We then examined whether endocrinological remission was achieved in patients with FA and evaluated the postoperative resection rates. Among the 114 patients with FA, 92 (80.7%) showed remission. No patients showed early remission and then later developed relapse. Of the 16 patients with acromegaly who did not achieve hormonal control, 14 underwent medical treatment and two underwent adjuvant radiotherapy and were subsequently not followed-up with. Of the four patients with Cushing’s disease who did not achieve hormonal control, one patient had a second endoscopic procedure and obtained disease control, one patient underwent an operation and was followed-up within another center, and two patients were not followed-up with. The two patients with prolactinomas who did not achieve hormonal control after endoscopic resection were referred for medical treatment. In the subgroup of patients with partial NFA resection, 13 underwent a second endoscopic surgery, and no individuals presented with symptoms during the follow-up period. Four patients with NFA had a mass smaller than 1 cm and underwent a biopsy as opposed to resection due to radiological findings outlining the pathological differences from a pituitary adenoma.

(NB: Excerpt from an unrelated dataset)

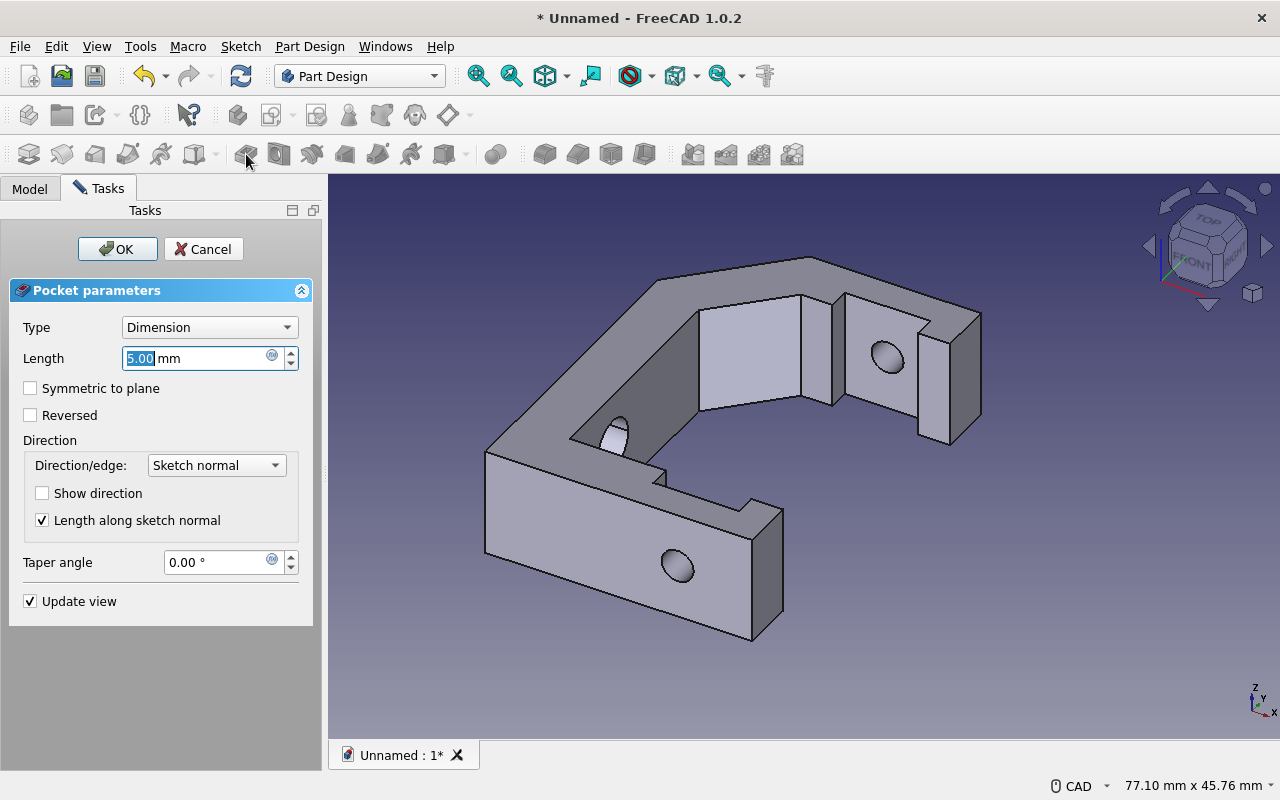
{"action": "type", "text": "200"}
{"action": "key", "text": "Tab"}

There was a significant difference in remission rates between Knosp classification groups (x2=19.851, p<0.01). Specifically, compared to patients classified as Knosp grade 3 and 4, the proportion of patients classified as Knosp grade 0, 1, and 2 was higher among those with remission than those without (Table 2).
There was a significant difference in remission rates according to the TS classifications (x2=9.96, p<0.05). Using a Z-test with a Bonferroni correction, we found that remission rates were significantly lower in patients classified as TS grade 3 (z=1.99, p<0.05).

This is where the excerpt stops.